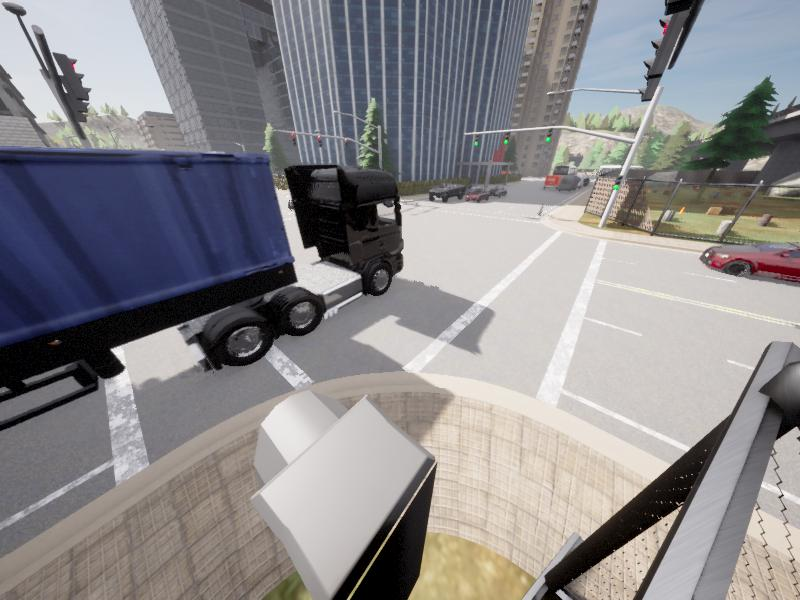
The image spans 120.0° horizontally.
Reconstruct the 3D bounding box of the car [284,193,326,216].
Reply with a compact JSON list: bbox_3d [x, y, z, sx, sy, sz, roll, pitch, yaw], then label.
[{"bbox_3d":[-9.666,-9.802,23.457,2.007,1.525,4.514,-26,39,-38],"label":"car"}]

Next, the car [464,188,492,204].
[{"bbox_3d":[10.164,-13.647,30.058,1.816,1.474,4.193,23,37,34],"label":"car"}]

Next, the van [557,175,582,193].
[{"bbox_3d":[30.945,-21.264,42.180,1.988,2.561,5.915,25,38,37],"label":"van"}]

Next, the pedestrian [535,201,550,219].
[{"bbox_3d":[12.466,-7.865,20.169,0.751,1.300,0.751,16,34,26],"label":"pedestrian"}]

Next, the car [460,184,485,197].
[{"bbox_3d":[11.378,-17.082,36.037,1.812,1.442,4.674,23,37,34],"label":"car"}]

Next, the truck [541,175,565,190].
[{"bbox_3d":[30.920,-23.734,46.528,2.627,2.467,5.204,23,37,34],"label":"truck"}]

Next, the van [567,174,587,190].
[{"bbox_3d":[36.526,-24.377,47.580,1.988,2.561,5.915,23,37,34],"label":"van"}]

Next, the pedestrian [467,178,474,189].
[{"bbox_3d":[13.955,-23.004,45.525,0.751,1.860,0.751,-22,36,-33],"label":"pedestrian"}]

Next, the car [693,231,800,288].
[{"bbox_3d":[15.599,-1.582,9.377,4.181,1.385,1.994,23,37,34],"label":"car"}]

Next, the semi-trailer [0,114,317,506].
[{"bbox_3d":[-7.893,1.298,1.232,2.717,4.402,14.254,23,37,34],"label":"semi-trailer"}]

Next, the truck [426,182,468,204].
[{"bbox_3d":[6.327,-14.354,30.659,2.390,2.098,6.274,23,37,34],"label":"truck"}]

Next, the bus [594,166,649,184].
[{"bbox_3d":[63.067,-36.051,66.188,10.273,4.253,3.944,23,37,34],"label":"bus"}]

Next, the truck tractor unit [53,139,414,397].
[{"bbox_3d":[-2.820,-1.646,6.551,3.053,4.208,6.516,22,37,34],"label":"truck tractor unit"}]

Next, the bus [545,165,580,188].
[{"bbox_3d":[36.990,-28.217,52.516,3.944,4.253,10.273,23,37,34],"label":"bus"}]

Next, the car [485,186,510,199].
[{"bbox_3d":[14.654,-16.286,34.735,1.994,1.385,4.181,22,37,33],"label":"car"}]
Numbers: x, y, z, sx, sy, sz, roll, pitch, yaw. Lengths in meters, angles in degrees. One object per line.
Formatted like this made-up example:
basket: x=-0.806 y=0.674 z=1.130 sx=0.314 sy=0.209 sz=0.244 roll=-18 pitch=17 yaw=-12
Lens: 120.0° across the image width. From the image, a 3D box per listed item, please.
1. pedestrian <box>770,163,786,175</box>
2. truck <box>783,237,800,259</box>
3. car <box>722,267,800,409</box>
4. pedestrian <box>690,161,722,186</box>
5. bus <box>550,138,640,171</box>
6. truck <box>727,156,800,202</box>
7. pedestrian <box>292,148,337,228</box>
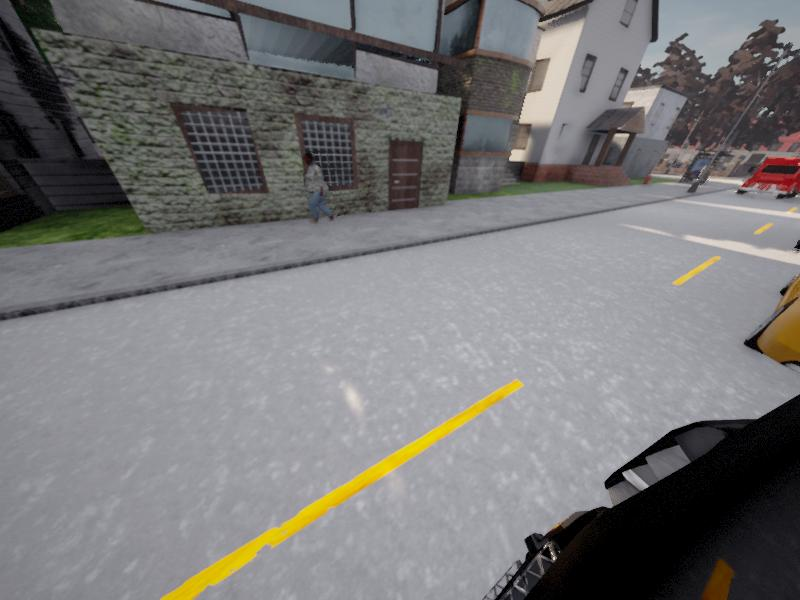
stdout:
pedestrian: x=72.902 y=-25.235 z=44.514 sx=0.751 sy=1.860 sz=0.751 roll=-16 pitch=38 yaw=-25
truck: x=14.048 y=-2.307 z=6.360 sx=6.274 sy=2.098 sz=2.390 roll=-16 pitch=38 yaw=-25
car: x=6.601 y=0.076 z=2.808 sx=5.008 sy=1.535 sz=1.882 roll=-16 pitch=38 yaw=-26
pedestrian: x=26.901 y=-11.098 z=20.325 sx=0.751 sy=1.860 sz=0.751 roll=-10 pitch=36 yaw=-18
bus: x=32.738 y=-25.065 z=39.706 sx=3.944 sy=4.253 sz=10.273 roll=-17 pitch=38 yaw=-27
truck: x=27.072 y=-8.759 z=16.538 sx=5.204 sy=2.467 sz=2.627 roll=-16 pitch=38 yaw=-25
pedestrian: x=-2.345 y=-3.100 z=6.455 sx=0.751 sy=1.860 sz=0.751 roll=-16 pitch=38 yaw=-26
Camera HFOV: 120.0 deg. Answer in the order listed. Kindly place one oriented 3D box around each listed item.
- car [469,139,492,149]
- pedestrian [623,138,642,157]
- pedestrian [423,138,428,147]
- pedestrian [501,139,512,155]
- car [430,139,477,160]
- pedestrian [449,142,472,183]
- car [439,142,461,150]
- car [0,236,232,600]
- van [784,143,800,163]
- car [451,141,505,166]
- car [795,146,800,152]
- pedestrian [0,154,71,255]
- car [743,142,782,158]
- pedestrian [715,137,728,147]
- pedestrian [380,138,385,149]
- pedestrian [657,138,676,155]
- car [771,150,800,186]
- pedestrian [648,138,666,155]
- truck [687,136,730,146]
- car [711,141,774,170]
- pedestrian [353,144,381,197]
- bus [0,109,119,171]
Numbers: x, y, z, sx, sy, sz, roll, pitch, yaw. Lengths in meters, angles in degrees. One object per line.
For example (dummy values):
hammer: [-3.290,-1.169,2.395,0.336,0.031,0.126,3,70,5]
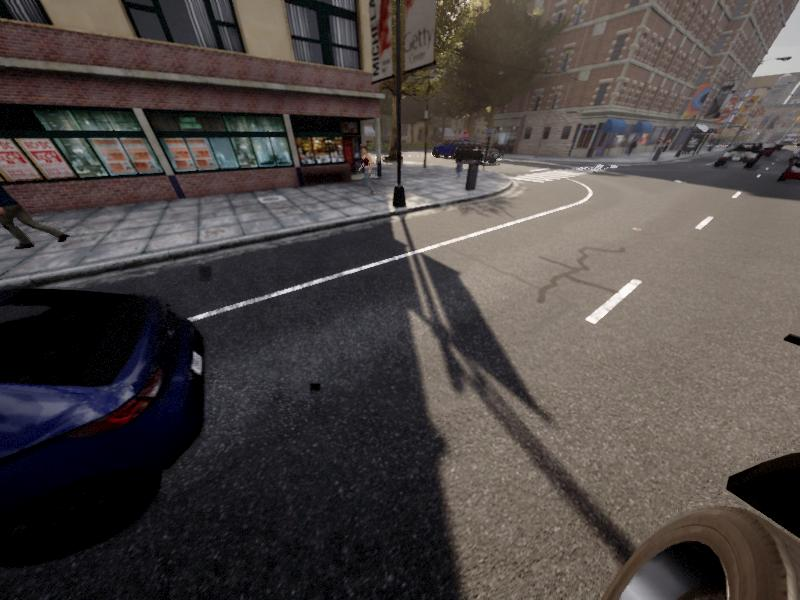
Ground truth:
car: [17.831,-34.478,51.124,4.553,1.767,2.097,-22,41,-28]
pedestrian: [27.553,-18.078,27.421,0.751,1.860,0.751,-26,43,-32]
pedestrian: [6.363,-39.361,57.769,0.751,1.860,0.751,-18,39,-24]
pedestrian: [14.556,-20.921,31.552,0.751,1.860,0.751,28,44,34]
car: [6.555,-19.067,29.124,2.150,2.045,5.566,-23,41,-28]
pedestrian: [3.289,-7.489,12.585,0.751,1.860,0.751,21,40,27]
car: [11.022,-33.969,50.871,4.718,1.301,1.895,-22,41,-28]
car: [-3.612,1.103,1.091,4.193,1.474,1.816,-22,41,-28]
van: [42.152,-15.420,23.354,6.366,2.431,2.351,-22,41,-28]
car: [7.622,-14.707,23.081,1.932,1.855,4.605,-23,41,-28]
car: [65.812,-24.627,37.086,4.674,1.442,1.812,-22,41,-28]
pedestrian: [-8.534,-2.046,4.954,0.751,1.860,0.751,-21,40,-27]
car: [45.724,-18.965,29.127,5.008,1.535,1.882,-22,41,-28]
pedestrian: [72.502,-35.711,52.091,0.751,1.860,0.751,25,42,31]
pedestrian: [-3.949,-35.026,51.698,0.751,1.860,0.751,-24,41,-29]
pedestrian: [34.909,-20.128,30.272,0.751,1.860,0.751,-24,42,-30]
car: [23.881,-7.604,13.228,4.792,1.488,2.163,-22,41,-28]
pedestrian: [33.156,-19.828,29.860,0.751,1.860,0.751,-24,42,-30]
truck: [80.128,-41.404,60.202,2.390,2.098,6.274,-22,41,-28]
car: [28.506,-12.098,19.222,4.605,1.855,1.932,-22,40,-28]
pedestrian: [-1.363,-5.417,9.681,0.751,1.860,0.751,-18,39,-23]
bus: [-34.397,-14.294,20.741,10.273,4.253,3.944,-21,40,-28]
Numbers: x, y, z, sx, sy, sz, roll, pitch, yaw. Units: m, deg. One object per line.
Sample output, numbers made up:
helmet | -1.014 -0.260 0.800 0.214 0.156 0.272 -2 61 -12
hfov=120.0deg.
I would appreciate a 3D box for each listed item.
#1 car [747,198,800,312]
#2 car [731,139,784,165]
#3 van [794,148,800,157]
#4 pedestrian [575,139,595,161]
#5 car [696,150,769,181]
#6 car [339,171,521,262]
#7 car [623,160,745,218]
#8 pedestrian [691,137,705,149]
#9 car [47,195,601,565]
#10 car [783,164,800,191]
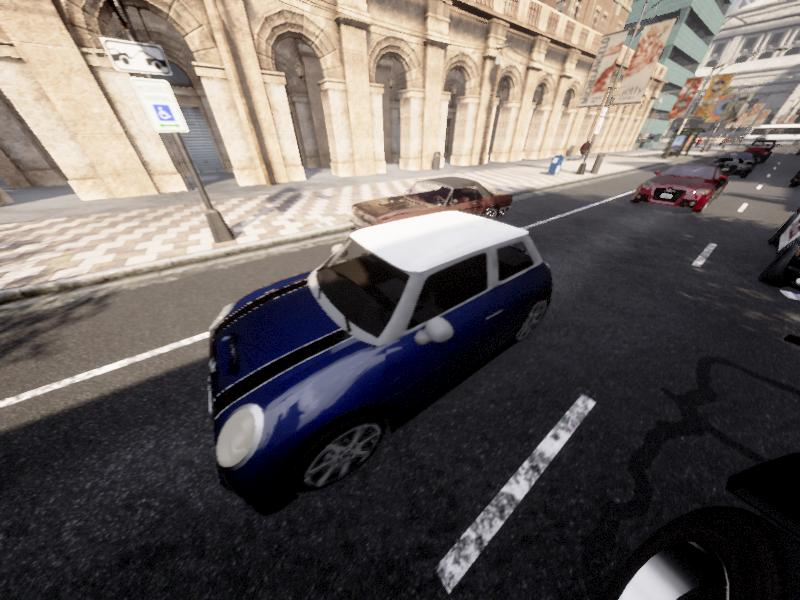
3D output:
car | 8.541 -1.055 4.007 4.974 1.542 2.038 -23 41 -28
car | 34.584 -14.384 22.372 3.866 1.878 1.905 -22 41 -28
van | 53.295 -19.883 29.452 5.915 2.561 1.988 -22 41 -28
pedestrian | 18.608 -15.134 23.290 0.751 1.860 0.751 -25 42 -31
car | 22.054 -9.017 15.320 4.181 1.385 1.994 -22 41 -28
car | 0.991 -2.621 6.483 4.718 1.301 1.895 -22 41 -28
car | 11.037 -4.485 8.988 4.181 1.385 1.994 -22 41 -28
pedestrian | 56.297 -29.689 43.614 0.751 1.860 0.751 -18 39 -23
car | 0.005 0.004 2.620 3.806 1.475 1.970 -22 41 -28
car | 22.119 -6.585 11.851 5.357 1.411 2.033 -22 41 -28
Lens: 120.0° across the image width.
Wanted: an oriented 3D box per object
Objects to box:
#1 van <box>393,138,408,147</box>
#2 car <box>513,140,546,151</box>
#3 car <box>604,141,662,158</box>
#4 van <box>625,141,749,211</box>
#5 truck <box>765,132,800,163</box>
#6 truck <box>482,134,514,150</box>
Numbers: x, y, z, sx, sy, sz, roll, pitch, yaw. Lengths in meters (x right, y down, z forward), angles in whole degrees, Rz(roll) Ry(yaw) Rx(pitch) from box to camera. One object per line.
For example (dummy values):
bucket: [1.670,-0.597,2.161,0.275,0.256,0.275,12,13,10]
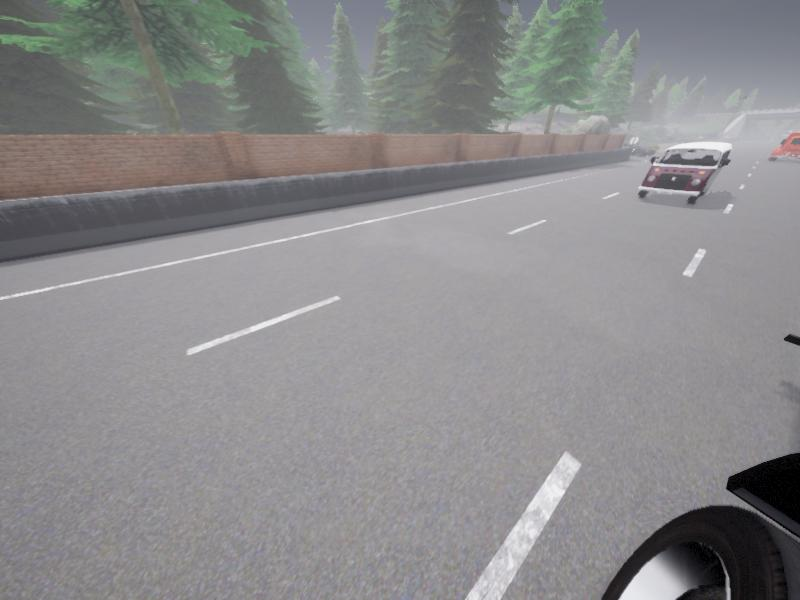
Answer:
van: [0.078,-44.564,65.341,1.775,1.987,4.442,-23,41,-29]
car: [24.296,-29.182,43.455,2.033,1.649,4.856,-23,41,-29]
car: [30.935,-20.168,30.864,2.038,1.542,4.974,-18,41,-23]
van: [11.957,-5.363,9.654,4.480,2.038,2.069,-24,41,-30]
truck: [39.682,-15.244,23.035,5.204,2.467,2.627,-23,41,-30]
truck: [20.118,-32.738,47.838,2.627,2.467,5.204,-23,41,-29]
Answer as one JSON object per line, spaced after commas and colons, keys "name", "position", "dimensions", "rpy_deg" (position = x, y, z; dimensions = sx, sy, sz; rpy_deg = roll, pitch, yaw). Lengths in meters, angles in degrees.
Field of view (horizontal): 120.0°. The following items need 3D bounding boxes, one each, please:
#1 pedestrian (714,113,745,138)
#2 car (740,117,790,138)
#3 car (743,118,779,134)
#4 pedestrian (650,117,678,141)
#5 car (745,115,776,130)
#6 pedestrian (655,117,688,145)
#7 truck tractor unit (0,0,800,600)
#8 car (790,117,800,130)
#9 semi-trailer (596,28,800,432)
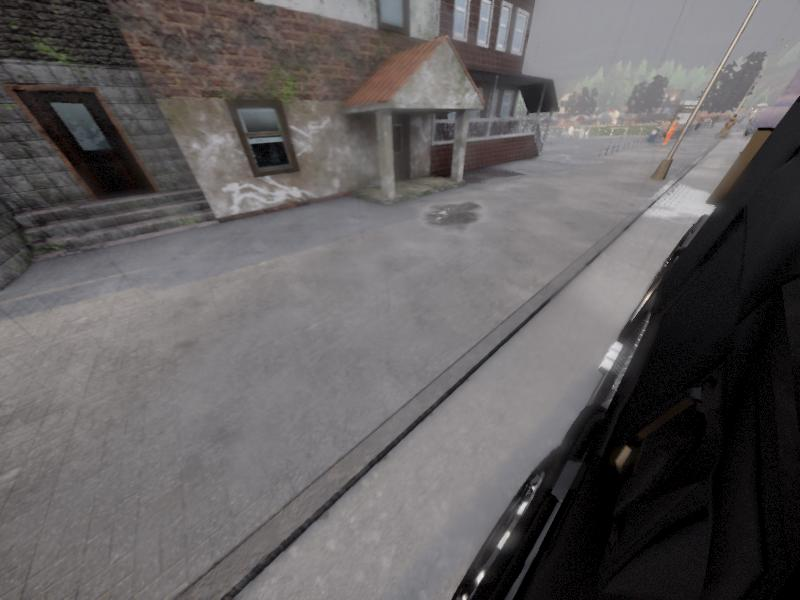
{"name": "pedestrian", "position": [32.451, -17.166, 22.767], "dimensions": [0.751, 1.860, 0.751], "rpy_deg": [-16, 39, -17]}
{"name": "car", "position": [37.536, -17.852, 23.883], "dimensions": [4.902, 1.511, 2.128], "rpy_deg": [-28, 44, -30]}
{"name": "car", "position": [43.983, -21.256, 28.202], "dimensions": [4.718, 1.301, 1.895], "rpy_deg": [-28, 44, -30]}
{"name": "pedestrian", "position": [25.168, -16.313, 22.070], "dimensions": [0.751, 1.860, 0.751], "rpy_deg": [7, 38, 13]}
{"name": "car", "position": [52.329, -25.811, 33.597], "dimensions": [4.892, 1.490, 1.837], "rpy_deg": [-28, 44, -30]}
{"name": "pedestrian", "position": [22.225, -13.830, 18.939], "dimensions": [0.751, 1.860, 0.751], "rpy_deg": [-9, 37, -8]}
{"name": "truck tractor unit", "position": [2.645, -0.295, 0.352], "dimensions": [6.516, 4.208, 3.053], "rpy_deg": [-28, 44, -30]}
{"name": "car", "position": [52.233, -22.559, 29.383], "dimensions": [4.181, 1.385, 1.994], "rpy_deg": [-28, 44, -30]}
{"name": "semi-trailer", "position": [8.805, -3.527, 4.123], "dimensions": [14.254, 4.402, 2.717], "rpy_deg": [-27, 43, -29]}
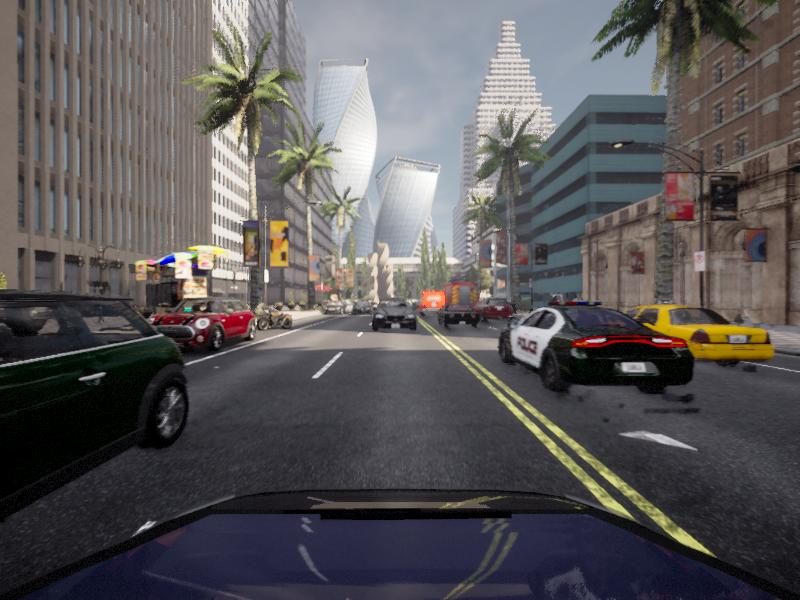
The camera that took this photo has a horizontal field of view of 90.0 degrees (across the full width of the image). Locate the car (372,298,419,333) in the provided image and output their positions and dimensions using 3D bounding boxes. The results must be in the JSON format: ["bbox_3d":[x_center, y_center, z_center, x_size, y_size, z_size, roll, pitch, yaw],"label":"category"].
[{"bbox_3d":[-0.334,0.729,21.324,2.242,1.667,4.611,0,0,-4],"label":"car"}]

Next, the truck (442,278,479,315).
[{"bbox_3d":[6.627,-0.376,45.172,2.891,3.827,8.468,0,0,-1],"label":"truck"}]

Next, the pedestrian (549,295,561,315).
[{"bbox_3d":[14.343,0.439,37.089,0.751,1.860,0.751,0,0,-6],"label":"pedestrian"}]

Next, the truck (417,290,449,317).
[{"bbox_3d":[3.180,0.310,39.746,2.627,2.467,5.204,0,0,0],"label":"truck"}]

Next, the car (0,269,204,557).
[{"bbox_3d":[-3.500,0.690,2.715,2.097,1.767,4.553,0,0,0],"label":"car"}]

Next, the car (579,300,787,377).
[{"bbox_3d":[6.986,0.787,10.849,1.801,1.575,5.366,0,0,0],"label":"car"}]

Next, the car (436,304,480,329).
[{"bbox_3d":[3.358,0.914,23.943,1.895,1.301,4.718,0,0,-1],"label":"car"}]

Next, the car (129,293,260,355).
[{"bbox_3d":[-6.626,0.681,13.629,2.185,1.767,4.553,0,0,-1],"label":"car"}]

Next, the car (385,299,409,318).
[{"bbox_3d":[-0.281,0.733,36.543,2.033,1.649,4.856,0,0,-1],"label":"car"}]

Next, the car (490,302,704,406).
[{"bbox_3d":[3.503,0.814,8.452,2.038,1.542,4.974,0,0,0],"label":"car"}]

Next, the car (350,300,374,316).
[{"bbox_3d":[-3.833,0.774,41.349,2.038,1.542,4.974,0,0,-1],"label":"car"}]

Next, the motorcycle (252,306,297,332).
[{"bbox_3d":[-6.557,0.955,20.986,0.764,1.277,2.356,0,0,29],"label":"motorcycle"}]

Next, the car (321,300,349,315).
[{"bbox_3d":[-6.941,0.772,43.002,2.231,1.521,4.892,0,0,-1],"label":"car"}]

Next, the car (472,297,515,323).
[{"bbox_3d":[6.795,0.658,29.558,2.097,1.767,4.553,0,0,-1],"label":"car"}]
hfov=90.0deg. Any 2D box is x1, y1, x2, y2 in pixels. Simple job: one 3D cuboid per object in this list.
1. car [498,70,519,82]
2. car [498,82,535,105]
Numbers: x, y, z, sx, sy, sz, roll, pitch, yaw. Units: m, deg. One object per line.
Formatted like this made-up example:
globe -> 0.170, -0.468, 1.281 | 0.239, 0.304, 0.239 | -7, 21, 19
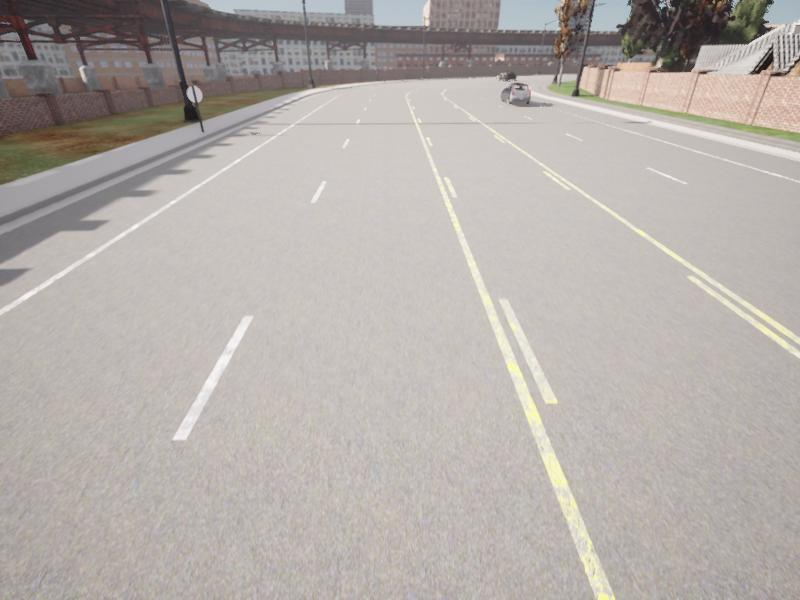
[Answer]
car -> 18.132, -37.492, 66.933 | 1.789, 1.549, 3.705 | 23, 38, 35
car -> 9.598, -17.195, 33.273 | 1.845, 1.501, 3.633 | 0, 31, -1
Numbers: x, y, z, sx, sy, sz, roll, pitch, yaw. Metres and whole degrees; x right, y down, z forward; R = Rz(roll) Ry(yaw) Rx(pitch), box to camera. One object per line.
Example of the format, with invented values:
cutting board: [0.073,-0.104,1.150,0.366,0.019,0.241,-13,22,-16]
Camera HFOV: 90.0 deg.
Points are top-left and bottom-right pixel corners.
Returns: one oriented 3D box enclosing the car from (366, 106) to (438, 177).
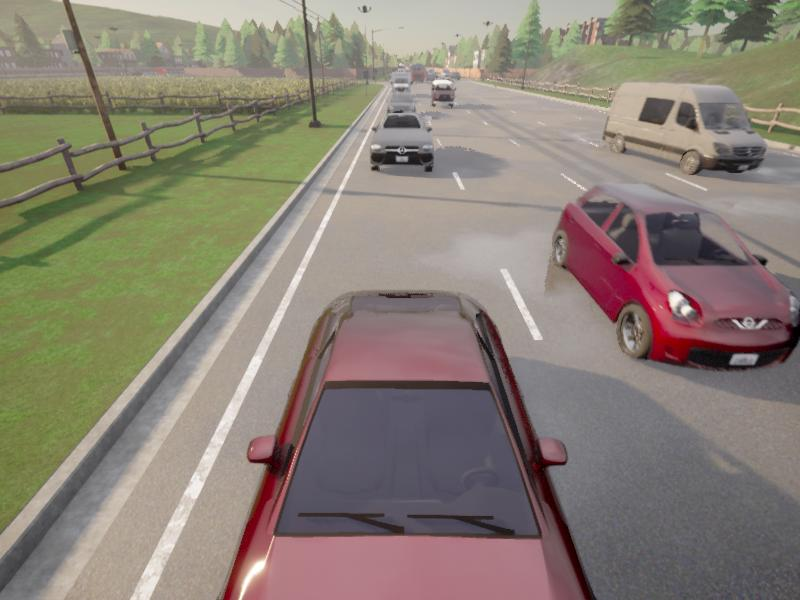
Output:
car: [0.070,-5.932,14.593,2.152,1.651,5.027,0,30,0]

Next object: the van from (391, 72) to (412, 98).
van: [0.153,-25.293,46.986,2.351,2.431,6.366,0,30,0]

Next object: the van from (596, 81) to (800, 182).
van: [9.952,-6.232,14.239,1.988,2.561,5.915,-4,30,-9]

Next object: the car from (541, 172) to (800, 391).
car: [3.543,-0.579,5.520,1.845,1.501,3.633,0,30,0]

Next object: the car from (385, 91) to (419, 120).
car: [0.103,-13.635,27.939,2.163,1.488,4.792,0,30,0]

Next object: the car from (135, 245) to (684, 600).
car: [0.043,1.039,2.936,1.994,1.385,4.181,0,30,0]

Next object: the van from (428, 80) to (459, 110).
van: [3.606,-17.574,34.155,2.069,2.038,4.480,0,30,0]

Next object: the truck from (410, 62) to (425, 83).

_AIM OF THE TASK_.
Whichever lines of the material hold the word "whole", find and copy them.

_OUTPUT BELOW_.
Numbers: x, y, z, sx, sy, sz, roll, pitch, yaw. Lengths in meters (x right, y down, z forward), angles in whole degrees, Rz(roll) Ry(yaw) Rx(pitch) from box to camera. One object per line.
Numbers: x, y, z, sx, sy, sz, roll, pitch, yaw. Metres and whole degrees; x right, y down, z forward; R = Rz(roll) Ry(yaw) Rx(pitch), box to camera. One object per line.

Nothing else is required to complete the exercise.